Early on Thursday evening, the number of occupants was 70, while some of them intended to stay overnight.

”Shame on you at the MInistry of Education, your law is stupid”, the demonstrators shouted. Most of them were students, while some staff members also took part.

Minister of Education Henna Virkkunen (National Coalition) was by contrast full of eagerness, coming from the government session in which the bill had just been passed.

”This is the second best thing that has happened to universities since they were founded”, Virkkunen announced with a glow of enthusiasm, defending the universities’ new decision-making system.

”They are behind locks and keys”, she said, attempting to calm those who were concerned about potential tuition fees.

Virkkunen pointed out that even though the legislative reforms will make it possible to charge tuition fees on a trial basis to students from outside EU/EEA countries who are taking part in separate English-language master’s programmes, they have to be agreed upon with the Ministry of Education first.

In Virkkunen’s opinion, there is no reason to delay ”a completed law” by a year, even though a petition to legislators demanded an extra 12 months to plan reforms.

Virkkunen noted further that the universities have already started preparing to adjust to the reforms.

The demonstrators were particularly worried about the future administration of faculties and institutions.

”The new system is likely to restrict democracy, at the same time threatening the freedom of scientific research”, felt Riitta Matilainen and Matleena Frisk, who are both research trainees in the Department of Social Science History of the University of Helsinki.

Most of the students occupying the administration building of the University had made a camp in front of the Rector’s office yesterday evening.
”Our aim is to write an official statement, and in the morning we plan to present a no-confidence vote to the management of the University”, declared mathematics student Joonas Mäkinen.

Some students expressed concern about the future independence of research, fearing that the reforms could turn university research into merchandise.
”There has been a lot of talk about humanists, but I believe that scientific research is at the greatest risk. Will scientific research units be turned into corporations’ outsourced product development departments ?” asked Antti Karhunen who is studying mathematics and language technology.

FACTFILE : Autonomy of universities to be enlarged

The more independent universities are scheduled to start activities on January 1st, 2010.

The total number of universities is 15, two of them being foundations : the Aalto University and the Technical University of Tampere. All the others are public corporations.

The government will continue to be responsible for the basic funding of the universities, while the funds will be index-linked.

The universities will be better placed to make the best use of their income from capital and to supplement their financing with donations and business activities.

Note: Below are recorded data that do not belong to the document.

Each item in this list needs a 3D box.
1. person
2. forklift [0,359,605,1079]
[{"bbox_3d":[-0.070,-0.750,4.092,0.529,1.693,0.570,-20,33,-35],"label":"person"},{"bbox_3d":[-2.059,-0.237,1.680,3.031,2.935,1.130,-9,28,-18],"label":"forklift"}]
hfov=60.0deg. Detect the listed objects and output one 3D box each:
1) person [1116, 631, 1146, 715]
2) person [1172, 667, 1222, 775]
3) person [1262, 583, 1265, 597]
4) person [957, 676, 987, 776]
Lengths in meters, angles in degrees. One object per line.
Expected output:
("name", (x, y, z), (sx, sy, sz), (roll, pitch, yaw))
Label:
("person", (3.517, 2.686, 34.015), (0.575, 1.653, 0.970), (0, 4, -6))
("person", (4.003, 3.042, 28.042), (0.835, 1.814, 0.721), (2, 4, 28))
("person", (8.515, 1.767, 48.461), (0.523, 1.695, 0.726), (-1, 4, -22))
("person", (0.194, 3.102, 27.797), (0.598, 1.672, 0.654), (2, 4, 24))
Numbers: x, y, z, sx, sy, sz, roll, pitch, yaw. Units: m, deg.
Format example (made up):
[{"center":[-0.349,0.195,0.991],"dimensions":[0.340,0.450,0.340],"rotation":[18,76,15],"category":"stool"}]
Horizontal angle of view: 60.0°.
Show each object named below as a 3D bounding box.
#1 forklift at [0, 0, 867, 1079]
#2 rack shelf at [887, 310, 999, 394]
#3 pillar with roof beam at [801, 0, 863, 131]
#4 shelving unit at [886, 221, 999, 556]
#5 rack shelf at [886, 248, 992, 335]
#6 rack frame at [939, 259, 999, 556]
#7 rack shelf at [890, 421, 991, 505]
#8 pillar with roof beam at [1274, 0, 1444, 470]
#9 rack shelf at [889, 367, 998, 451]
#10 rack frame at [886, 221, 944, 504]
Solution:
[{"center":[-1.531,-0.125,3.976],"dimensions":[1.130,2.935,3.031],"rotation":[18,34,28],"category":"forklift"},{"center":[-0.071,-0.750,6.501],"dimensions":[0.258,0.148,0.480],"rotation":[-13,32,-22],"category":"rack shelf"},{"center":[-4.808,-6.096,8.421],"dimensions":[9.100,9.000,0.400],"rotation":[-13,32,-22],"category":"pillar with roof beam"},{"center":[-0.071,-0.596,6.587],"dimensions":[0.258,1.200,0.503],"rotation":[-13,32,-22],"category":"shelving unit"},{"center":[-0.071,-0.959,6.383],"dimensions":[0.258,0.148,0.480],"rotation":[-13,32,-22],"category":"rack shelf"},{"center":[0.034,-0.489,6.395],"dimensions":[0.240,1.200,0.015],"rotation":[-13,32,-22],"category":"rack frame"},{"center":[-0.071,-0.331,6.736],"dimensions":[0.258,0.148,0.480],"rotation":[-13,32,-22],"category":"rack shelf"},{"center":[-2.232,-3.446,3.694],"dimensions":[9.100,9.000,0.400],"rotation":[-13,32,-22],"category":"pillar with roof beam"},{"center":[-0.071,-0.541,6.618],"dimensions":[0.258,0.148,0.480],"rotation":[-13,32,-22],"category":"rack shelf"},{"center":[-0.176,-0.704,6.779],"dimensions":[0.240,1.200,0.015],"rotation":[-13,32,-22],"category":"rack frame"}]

University staff will no longer be employed by the State. Civil-service employment relationships will become contractual employment relationships, and universities will negotiate in collective bargaining.

Students will be obliged to be members of the students’ union even in the future.

The universities will be obliged to promote life-long learning.

Degree education will still be provided free of charge. The legislative reforms will, however, make it possible to charge tuition fees on a trial basis to students from outside EU/EEA countries.